Vidaza to Restore Hormone Thx Prostate
Study Details
Study Description
Brief Summary
The purpose of this research study is to find out what effects (good and bad) Vidaza has on patients with prostate cancer. This investigational drug is not approved by the Food and Drug Administration (FDA) for the treatment of prostate cancer; however, it is approved in myelodysplastic syndrome - a bone marrow disease. The pharmaceutical company involved in this study, Pharmion Corporation, is the manufacturer of Vidaza.

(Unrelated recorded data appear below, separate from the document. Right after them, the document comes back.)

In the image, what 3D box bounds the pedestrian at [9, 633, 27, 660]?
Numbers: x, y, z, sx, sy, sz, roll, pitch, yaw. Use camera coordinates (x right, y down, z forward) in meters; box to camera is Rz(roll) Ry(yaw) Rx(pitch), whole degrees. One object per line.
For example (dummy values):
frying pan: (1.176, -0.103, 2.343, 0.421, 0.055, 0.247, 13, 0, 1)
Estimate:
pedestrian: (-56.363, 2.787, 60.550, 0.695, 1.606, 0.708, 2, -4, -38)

Condition or Disease | Intervention/Treatment | Phase |
---|---|---|
|
Phase 2 |
Detailed Description
This is an open label Phase II study. Patients will receive Vidaza for 5 consecutive days (Days 1- 5) of each 28-day cycle. Complete androgen ablation will be continued. Response will be assessed after a minimum of 2 cycles (evaluable patients). PSA response will be evaluated prior to each cycle and % fetal hemoglobin will be evaluated prior to each odd cycle (excluding Cycle 1). Patients will be treated until clinical progression up to a maximum of 12 cycles. A total of 35 patients with advanced metastatic HRPC will be enrolled in this trial.
Study Design
Arms and Interventions
Arm | Intervention/Treatment |
---|---|
Experimental: 1 azacitidine for injectable suspension |
Drug: azacitidine for injectable suspension
Vidaza: 75 mg/m2 for 5 consecutive days (Days 1-5) of each 28 day cycle. A cycle will equal to 28 days. Patient will receive a maximum of 12 cycles.
Other Names:
|
Outcome Measures
Primary Outcome Measures
- Percentage of Patients With PSA Doubling Time >=3 Months. [Until progression or up to a maximum of 12 cycles]

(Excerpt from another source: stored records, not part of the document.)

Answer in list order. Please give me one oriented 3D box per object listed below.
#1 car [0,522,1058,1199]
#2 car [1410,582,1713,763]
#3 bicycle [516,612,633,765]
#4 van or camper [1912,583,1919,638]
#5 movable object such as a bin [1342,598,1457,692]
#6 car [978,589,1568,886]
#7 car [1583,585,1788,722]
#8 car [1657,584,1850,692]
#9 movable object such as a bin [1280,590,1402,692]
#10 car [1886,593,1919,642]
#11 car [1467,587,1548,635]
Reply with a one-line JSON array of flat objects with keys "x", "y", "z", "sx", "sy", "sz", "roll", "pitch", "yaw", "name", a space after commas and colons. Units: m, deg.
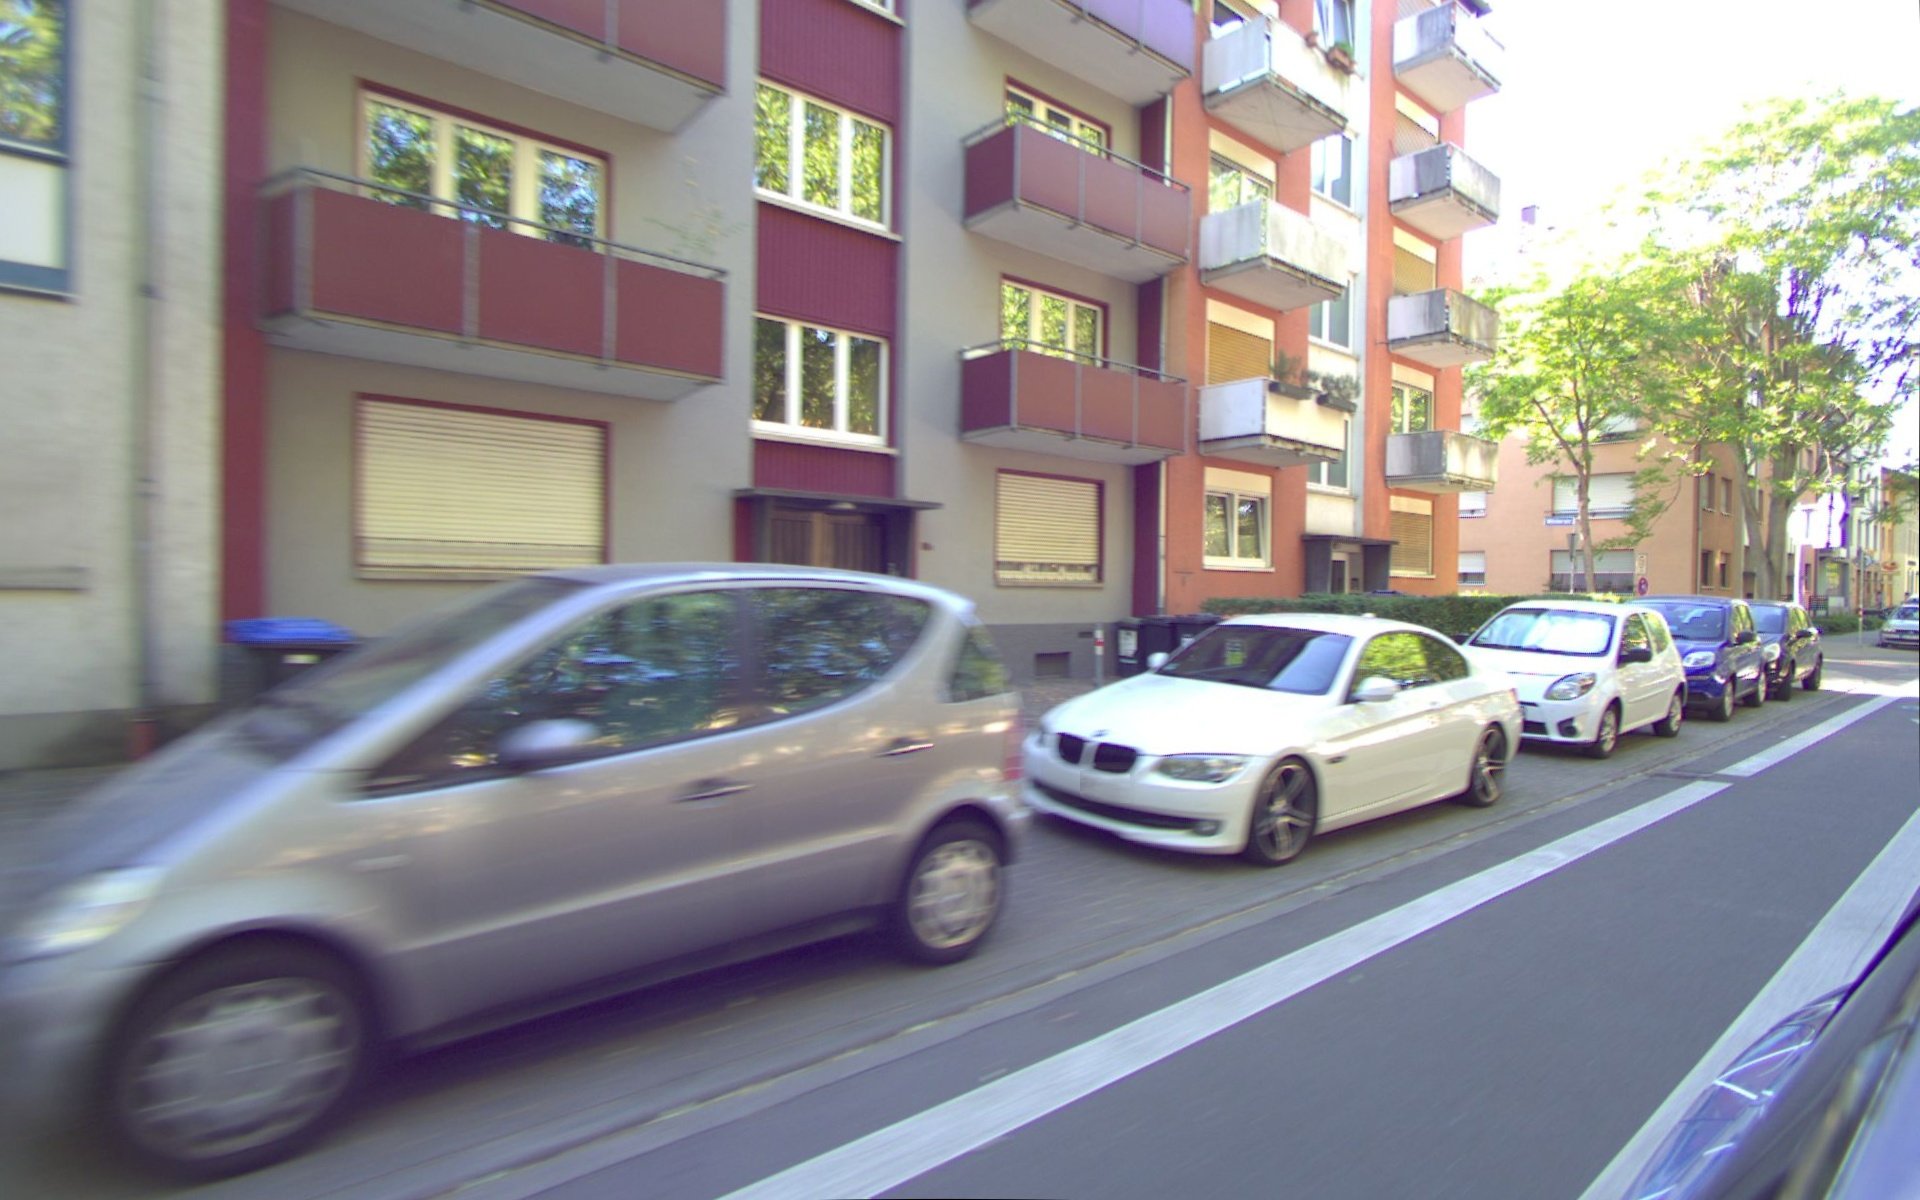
[{"x": -1.463, "y": 0.593, "z": 3.887, "sx": 3.525, "sy": 1.600, "sz": 1.663, "roll": 0, "pitch": 2, "yaw": -40, "name": "car"}, {"x": 6.497, "y": 0.613, "z": 10.783, "sx": 3.767, "sy": 1.545, "sz": 1.595, "roll": -1, "pitch": 3, "yaw": -40, "name": "car"}, {"x": -3.295, "y": 0.681, "z": 8.558, "sx": 0.467, "sy": 1.042, "sz": 1.901, "roll": 0, "pitch": 3, "yaw": -35, "name": "bicycle"}, {"x": 35.281, "y": 0.393, "z": 35.925, "sx": 4.747, "sy": 1.887, "sz": 1.758, "roll": 0, "pitch": 1, "yaw": -42, "name": "van or camper"}, {"x": 6.719, "y": 0.647, "z": 15.454, "sx": 1.691, "sy": 1.344, "sz": 0.969, "roll": -1, "pitch": 0, "yaw": -40, "name": "movable object such as a bin"}, {"x": 2.454, "y": 0.683, "z": 7.176, "sx": 4.654, "sy": 1.416, "sz": 1.664, "roll": 0, "pitch": 3, "yaw": -39, "name": "car"}, {"x": 9.911, "y": 0.614, "z": 13.725, "sx": 3.688, "sy": 1.610, "sz": 1.528, "roll": -1, "pitch": 0, "yaw": -42, "name": "car"}, {"x": 12.940, "y": 0.537, "z": 16.430, "sx": 3.848, "sy": 1.480, "sz": 1.737, "roll": 0, "pitch": 3, "yaw": -41, "name": "car"}, {"x": 5.402, "y": 0.535, "z": 14.327, "sx": 1.652, "sy": 1.344, "sz": 0.925, "roll": -1, "pitch": 0, "yaw": -40, "name": "movable object such as a bin"}, {"x": 31.123, "y": 0.545, "z": 32.401, "sx": 3.930, "sy": 1.491, "sz": 1.709, "roll": 0, "pitch": 1, "yaw": -41, "name": "car"}, {"x": 19.209, "y": 0.346, "z": 35.672, "sx": 1.703, "sy": 1.560, "sz": 3.979, "roll": 1, "pitch": 1, "yaw": 17, "name": "car"}]

To determine if Vidaza can convert hormone-refractory prostate cancer to a hormone-responsive state. This will be assessed by the proportion of patients who have a documented prostate specific antigen (PSA) doubling time >3= months.

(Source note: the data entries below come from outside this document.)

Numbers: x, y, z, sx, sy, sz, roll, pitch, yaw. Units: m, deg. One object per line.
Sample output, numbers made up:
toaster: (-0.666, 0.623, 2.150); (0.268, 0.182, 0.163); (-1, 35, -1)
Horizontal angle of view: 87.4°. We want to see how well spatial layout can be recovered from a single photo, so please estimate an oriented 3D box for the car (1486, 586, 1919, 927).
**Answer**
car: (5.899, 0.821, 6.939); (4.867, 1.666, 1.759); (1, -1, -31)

Secondary Outcome Measures
- PSA Response Rate [Every 8 weeks for 1 year.]
Complete PSA Response defined as complete normalization of PSA maintained for at least 4 weeks, and partial PSA response defined as a decrease in PSA level of at least 50% from baseline level maintained for at least 4 weeks.
- Objective Response Rate by Recist (ORR) [Every 8 weeks for 1 year.]
ORR = Complete Response (CR) + Parcial response (PR). CR: Disappearance of all target lesions. PR: At least a 30% decrease in the sum of the LD of target lesions taking as reference the baseline sum LD.
- Progression-free Survival [Up to 1.5 year.]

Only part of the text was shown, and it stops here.